## Description of the task
Search the listing below for "airborne". Copy each matching line.

[Opening Given records section]

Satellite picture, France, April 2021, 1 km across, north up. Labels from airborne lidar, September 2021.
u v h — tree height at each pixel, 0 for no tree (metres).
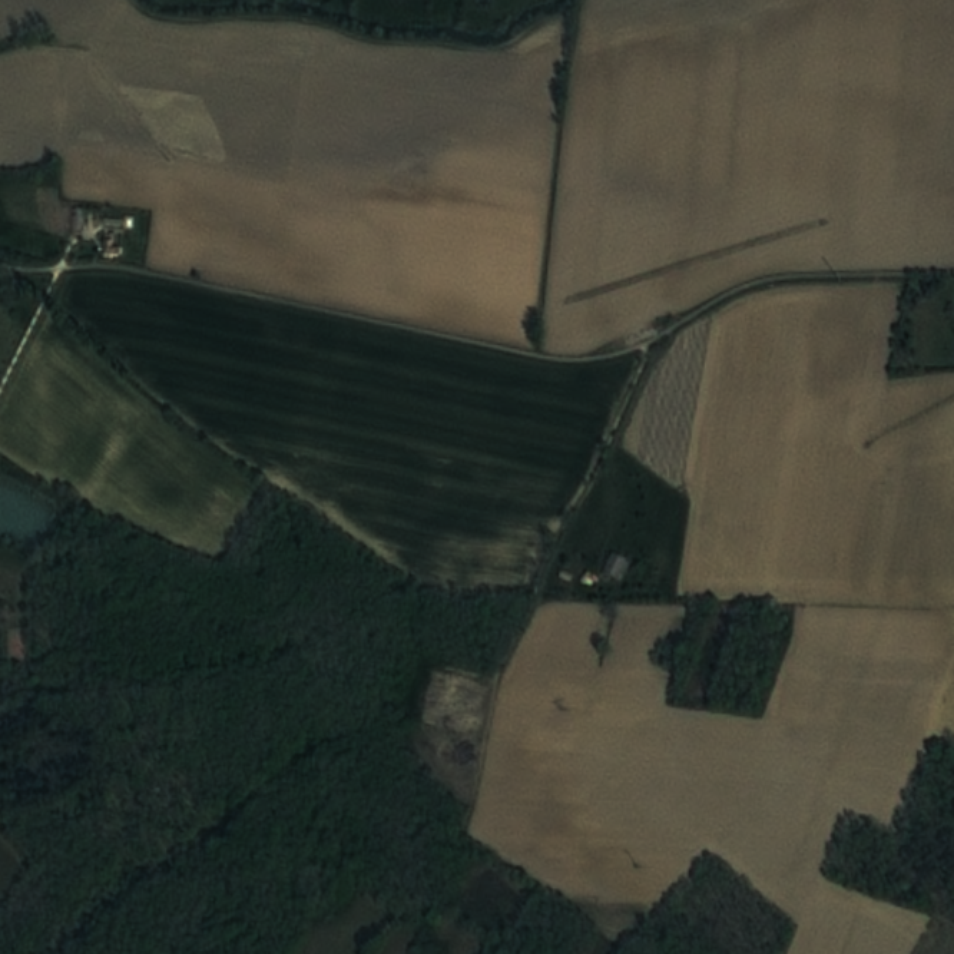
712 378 0
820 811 0
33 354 0
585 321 0
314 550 16
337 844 23
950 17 0
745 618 16
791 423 0
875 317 0
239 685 22
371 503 0
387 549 0
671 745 0
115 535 21
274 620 17
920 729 0
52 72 0
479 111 0
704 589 0
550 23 0
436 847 19
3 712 19
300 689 24
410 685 12
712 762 0
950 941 0
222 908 20
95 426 0
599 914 0
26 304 0
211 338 0
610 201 0
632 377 0
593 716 0
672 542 0
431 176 0
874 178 0
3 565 0
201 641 17
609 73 0
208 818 26
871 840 22
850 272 0
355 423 0
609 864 0
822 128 0
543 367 0
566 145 0
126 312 0
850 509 0
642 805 0
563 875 0
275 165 0
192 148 0
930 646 0
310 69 0
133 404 0
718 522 0
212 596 18
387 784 21
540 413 0
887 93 0
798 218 0
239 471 10
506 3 0
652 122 0
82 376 0
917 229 0
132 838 21
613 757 0
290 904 22
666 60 0
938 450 0
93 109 0
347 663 20
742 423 0
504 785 0
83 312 0
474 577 0
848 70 0
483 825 0
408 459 0
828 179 0
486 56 0
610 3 0
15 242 0
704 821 0
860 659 0
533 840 0
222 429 0
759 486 0
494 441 0
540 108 0
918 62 0
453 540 0
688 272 0
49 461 0
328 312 0
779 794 0
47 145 0
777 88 0
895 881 18
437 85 0
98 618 25
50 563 22
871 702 0
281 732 25
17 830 19
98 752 24
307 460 0
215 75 0
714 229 0
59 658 18
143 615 18
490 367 0
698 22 0
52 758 15
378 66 0
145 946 24
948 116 0
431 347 0
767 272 0
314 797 25
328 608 18
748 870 0
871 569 0
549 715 0
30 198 0
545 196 0
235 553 20
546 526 0
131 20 0
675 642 12
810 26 0
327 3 12
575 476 0
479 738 0
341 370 0
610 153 0
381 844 20
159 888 26
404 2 0
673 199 0
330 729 21
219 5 10
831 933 0
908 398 0
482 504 0
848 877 18
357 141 0
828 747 0
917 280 13
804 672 0
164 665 18
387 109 0
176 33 0
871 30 0
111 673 19
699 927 15
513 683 0
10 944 21
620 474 0
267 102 0
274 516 19
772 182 0
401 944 0
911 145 0
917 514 0
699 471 0
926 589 0
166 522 0
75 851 23
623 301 0
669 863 0
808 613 0
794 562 0
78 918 22
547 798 0
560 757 0
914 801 18
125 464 0
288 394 0
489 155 0
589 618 0
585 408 0
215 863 19
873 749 0
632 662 0
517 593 13
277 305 0
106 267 0
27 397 0
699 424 0
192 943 24
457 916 19
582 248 0
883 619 0
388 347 0
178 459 0
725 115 0
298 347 0
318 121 0
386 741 18
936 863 25
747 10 0
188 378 0
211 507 0
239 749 26
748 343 0
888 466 0
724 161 0
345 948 0
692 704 0
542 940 17
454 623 22
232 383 0
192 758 23
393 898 21
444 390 0
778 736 0
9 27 0
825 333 0
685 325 0
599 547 0
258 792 28
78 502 16
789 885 0
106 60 0
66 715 27
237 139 0
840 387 0
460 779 0
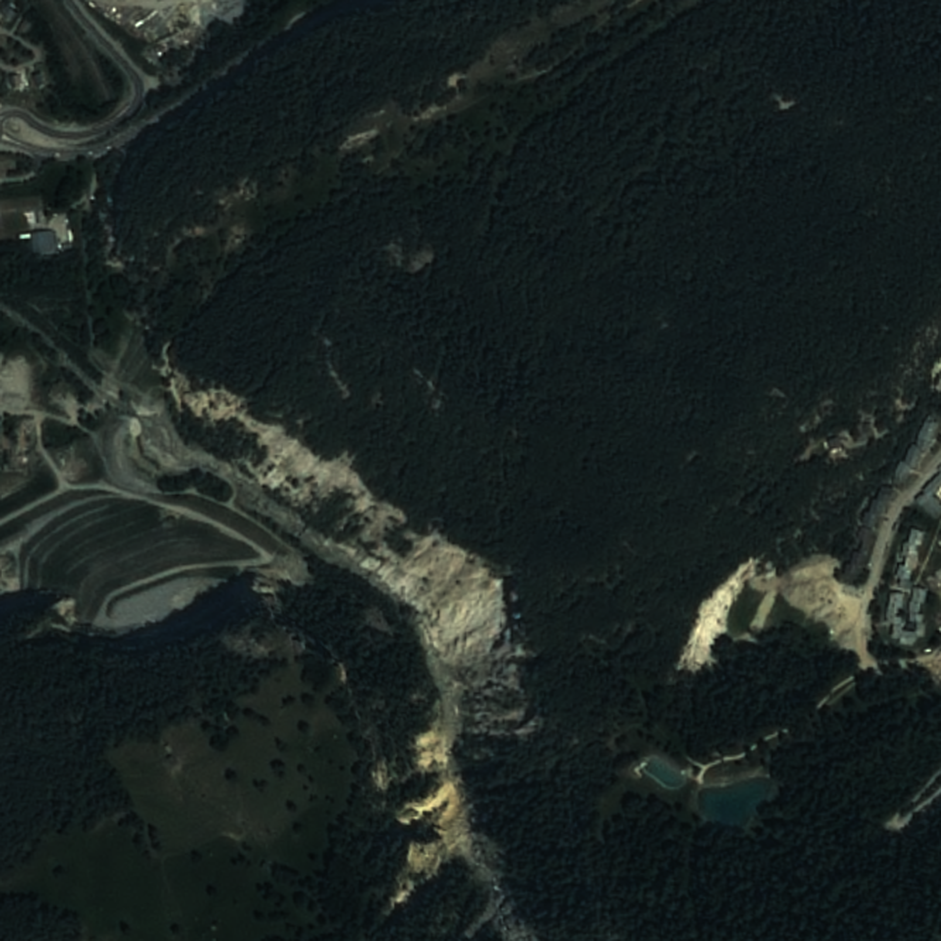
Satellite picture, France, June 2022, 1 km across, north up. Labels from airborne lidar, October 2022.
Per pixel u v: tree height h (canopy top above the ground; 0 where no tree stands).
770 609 0
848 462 6
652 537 8
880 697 26
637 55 14
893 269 11
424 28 9
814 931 9
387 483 13
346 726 18
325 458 7
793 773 24
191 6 0
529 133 12
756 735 15
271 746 0
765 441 7
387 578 0
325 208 6
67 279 13
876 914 22
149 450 0
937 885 11
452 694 0
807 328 11
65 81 16
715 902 30
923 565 0
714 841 26
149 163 13
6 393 0
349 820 17
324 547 0
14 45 7
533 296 17
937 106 11
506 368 22
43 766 17
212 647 11
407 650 14
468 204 19
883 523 0
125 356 0
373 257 10
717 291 11
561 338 10
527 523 17
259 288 14
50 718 16
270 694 0
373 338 14
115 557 0
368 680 24
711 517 7
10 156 7
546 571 9
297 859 0
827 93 9
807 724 18
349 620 25
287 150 11
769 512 17
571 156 17
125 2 0
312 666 13
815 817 19
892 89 9
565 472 14
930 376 7
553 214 14
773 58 12
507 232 15
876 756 29
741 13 15
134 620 0
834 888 23
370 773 14
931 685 29
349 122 11
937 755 11
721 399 7
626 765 17
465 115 0
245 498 0
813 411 8
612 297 12
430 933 11
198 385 6
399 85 8
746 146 11
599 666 15
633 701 23
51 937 14
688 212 10
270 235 11
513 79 10
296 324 10
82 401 12
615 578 15
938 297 8
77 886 0
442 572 0
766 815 20
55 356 12
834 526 14
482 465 17
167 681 16
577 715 12
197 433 13
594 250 12
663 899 27
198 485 14
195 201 9
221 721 11
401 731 11
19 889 0
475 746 9
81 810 19
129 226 7
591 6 0
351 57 13
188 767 0
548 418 16
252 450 7
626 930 15
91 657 19
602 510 12
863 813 29
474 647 0
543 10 14
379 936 31
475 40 9
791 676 19
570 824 14
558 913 23
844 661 28
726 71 16
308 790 8
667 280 9
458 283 22
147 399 0
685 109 15
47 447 8
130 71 0
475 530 21
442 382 11
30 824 16
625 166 12
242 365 16
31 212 0
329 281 8
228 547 0
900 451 13
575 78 16
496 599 0
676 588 12
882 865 20
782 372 10
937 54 18
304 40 11
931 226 9
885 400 9
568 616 18
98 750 19
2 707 18
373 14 10
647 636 20
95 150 0
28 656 20
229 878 0
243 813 0
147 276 10
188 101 0
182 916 0
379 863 21
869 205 12
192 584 0
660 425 8
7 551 0
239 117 17
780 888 26
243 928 0
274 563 0
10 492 0
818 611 0
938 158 6
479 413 12
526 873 11
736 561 9
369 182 12
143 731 22
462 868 19
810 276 9
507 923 0
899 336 9
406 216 15
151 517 0
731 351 13
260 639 7
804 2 22
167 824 0
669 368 11
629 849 23
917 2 22
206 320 15
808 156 12
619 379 11
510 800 22
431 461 12
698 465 11
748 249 13
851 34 19
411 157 7
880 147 9
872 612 9
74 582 0
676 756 15
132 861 0
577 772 22
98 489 0
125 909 0
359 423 13
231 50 9
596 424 18
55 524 0
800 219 10
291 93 17
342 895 23
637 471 8
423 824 8
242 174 10
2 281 8
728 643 26
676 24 13
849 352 12
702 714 28
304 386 8
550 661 12
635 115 16
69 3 0

[Closing Given records section]

## The completed task
Satellite picture, France, April 2021, 1 km across, north up. Labels from airborne lidar, September 2021.
Satellite picture, France, June 2022, 1 km across, north up. Labels from airborne lidar, October 2022.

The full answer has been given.